Does anyone have experience with the estimating tools built into BIM programs such as Revit?


----------



## KennMacMoragh (Sep 16, 2008)

I looked at Xactimate at one of their boths in a conference. It looked really easy to use, but still had a few downsides. The reports were not as clean looking as the ones ELMS puts out, which is the program I am using now. And there is no networking built into Xactimate, it is strictly hard drive based. There are a few other programs which have forms of networking built into them, which can be a nice convenience when you are away.


----------



## Alska101 (Dec 31, 2008)

http://www.meanscostworks.com/promo...1&pCode=1000&gclid=CLyghPGvl60CFcYbQgodMjbImQ

anyone use this and is it ant good?


----------



## griz (Nov 26, 2009)

Pencil, paper, set of plans, scale....spec book if supplied:thumbsup:

If you blow it no one else to blame...:whistling

Why does it seem that more guys are looking for the easy way out...

Can't do it, don't want to. ...lazy...WTF....:no:


----------



## jcarosello (Dec 15, 2011)

*Don't know your budget...*

But ProContractorMX Estimating (Maxwell Systems) starts around $4K and can save you $$$ with accurate and faster bids! Check it out. 

http://www.maxwellsystems.com/products/estimating/procontractormx


----------



## hilldawg (Aug 18, 2011)

If you're doing insurance work then you'll HAVE to use Xactimate. Its industry standard. The program I use now has an estimating module which is pretty decent. Its customizable enough that I was able to fit it to my needs


----------



## KennMacMoragh (Sep 16, 2008)

griz said:


> Pencil, paper, set of plans, scale....spec book if supplied:thumbsup:
> 
> If you blow it no one else to blame...:whistling
> 
> ...


Well, you have an oven don't you? Why not rub two sticks together?

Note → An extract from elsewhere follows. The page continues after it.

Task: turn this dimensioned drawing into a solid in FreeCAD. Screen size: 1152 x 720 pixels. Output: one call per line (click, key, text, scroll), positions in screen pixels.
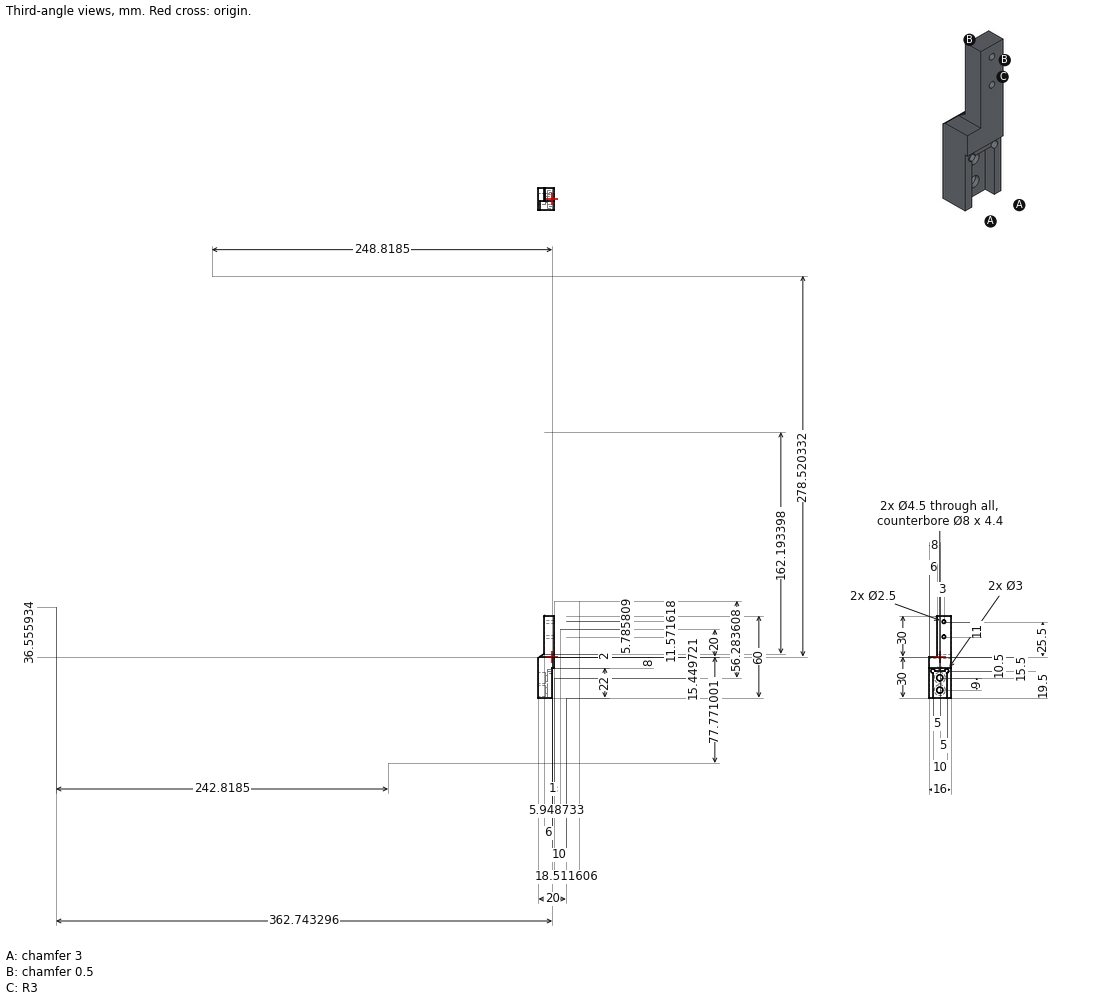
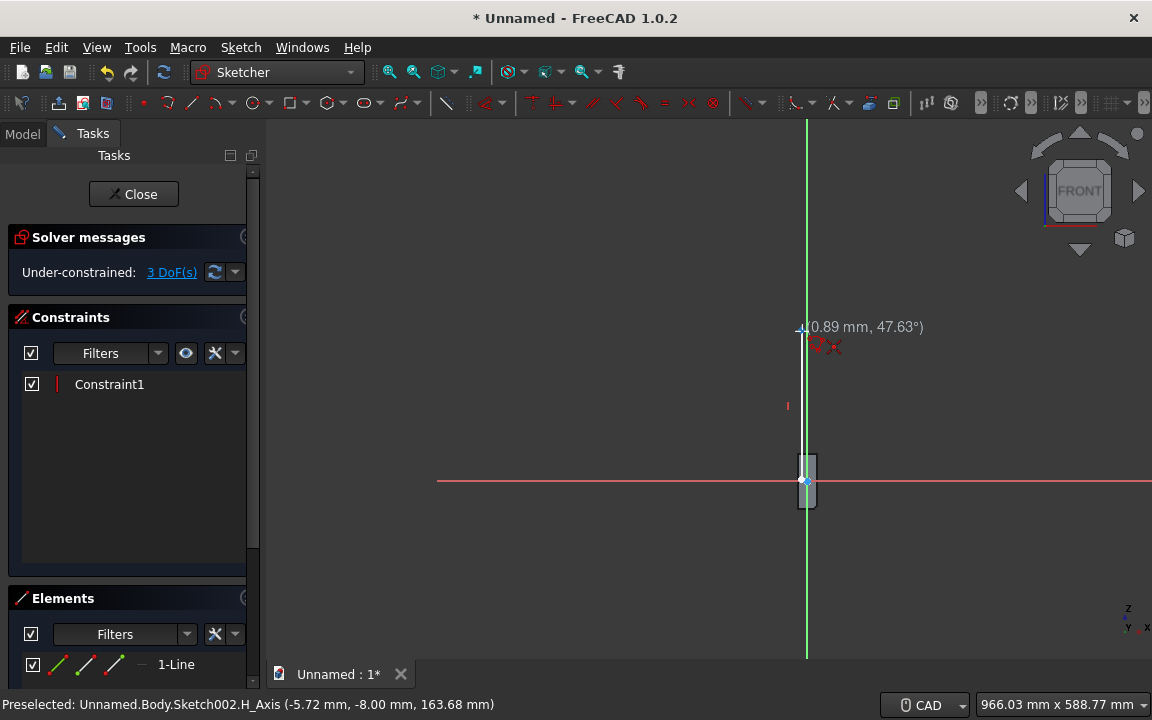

Why look for the easy way out?  Use technology, it brings convenience.


----------



## Zendik (Sep 18, 2005)

krollcorp.ca said:


> Does anyone have experience with the estimating tools built into BIM programs such as Revit?


Yes.
You have to build the project in Revit in order for it to work. 
Just having the drawings won't get it done.
You have to get the drawings into AutoCad, scale it right then import them into Revit. After that you have to assemble your different wall types and start building the project.

Vue360 is a better way.
You open the PDFs of the drawings, set up your scale and start lining out your walls. You can create layers that represent your different wall types and everything gets spit out in an Excel spreadsheet that you can compile into a material count.
Best thing is its free.
http://www.thebluebook.com/view-markup-takeoff/


----------



## DecksEtc (Oct 27, 2004)

griz said:


> Pencil, paper, set of plans, scale....spec book if supplied:thumbsup:
> 
> If you blow it no one else to blame...:whistling
> 
> ...


Some people have to do more than 1 quote a week...


----------



## larryb (May 23, 2008)

I designed my own in Excel - primarily for exterior work though - and ins repairs (which is what XM8 was designed for).

3RStimax TM


----------